TASK TO CARRY OUT => Pictures are to be omitted. Output only the lines from the one containing "Given: Locate the" through the end of the data, word for word.

*** AVAILABLE RECORDS

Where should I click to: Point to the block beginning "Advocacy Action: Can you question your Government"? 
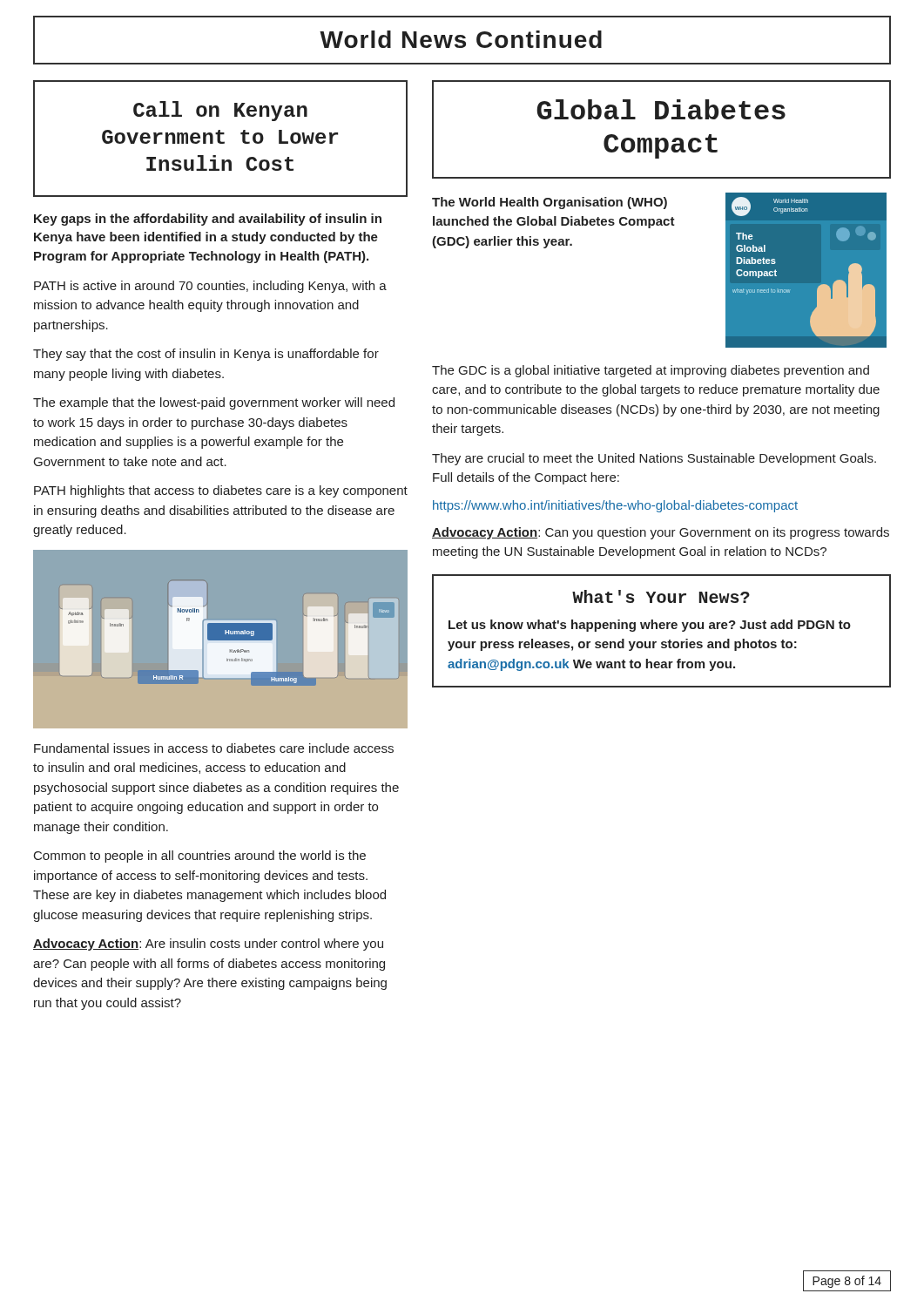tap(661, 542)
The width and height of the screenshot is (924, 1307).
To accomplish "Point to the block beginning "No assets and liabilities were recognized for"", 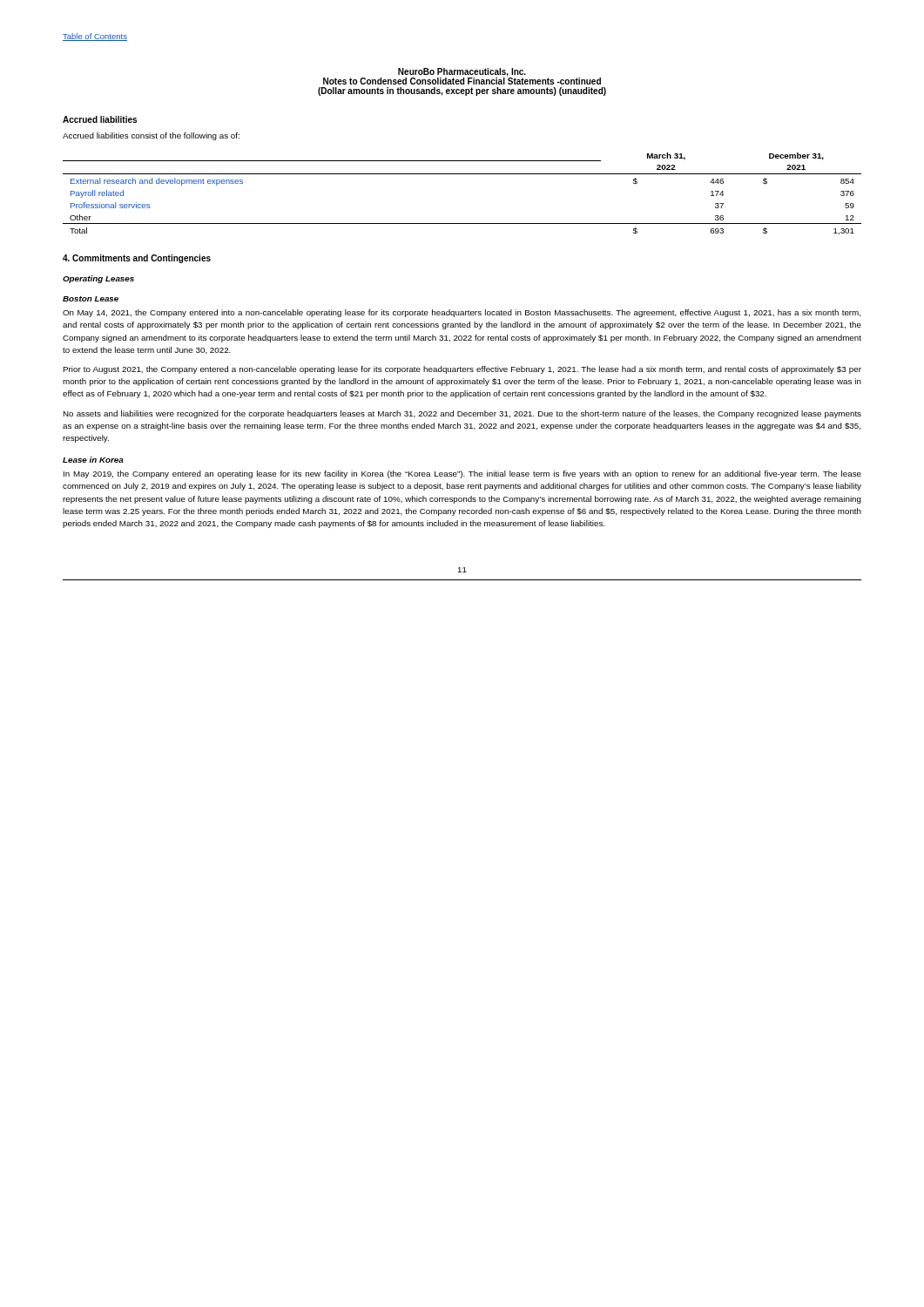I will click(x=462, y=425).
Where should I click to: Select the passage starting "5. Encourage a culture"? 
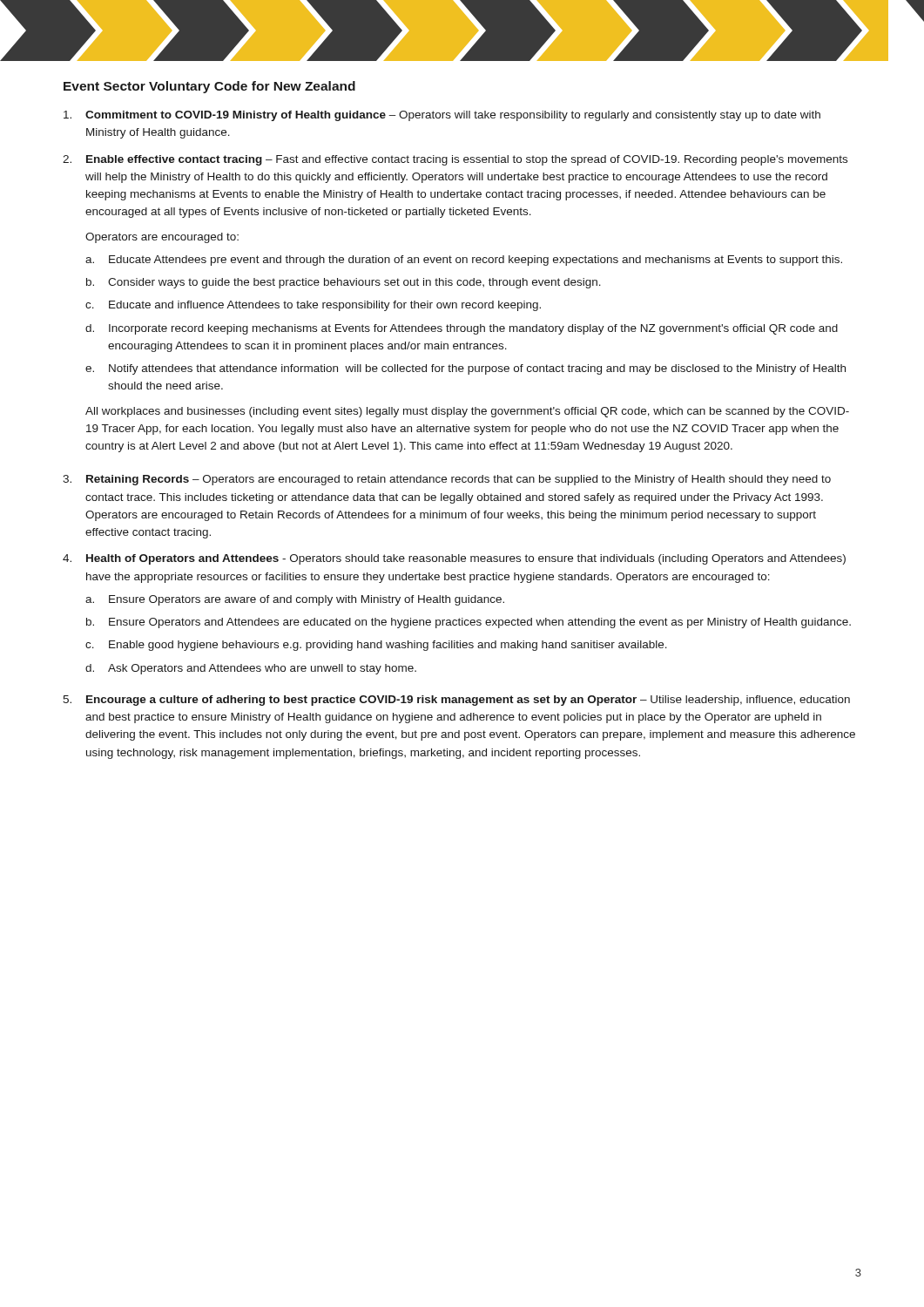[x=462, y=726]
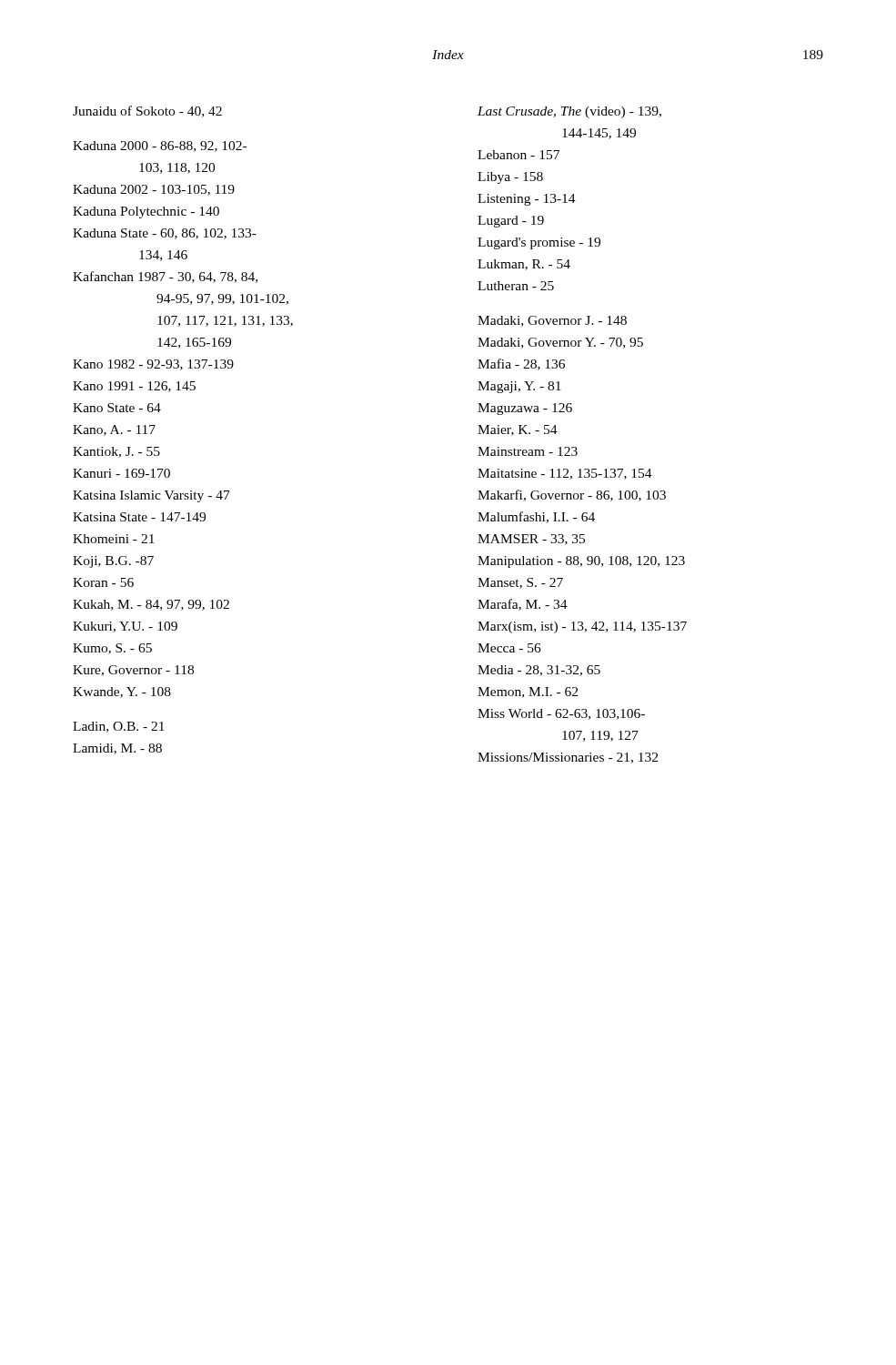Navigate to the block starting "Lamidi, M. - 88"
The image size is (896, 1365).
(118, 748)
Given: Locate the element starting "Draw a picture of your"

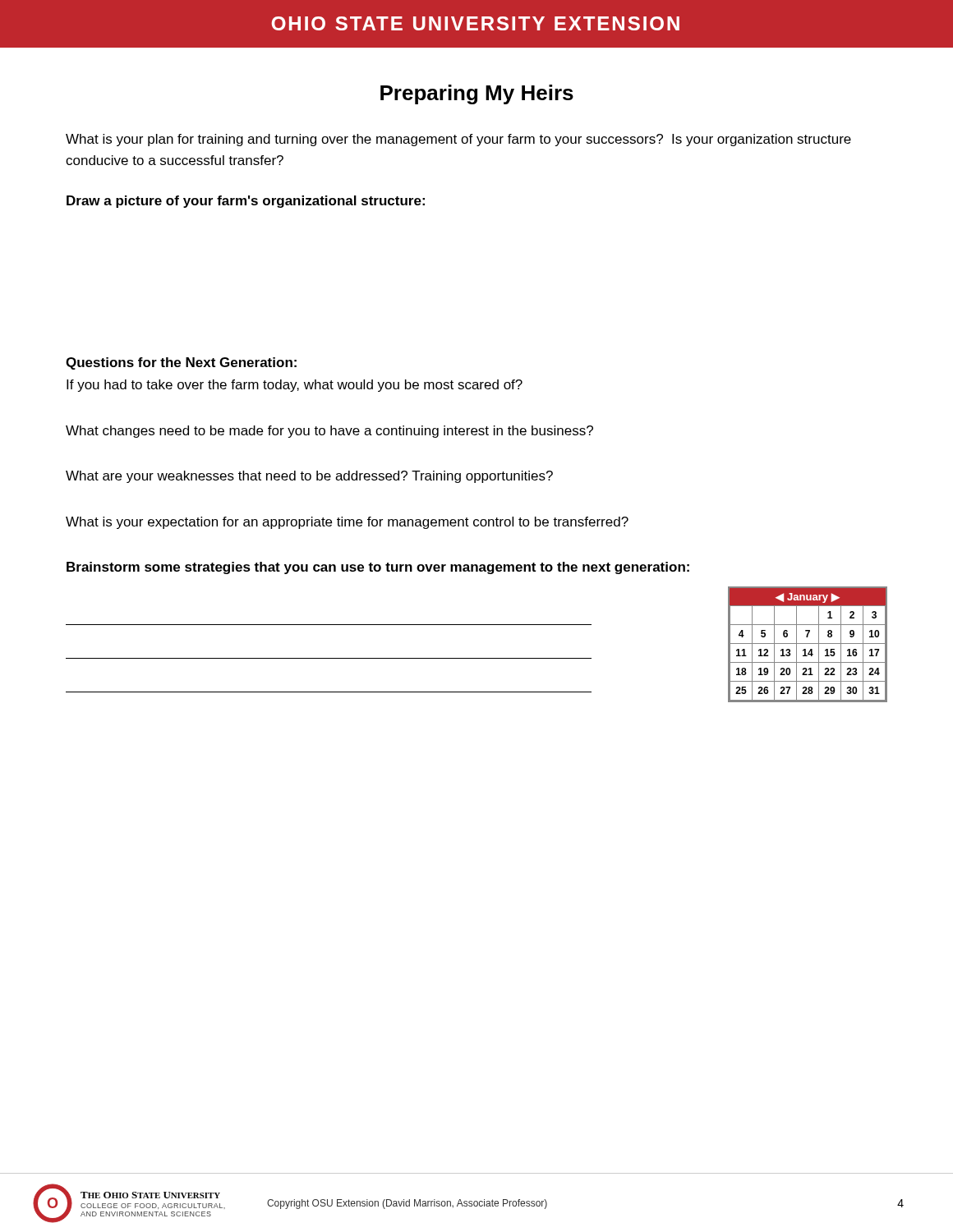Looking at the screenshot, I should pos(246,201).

******

YOUR RESPONSE =>
Given: Locate the element starting "Draw a picture of your"

Looking at the screenshot, I should pos(246,201).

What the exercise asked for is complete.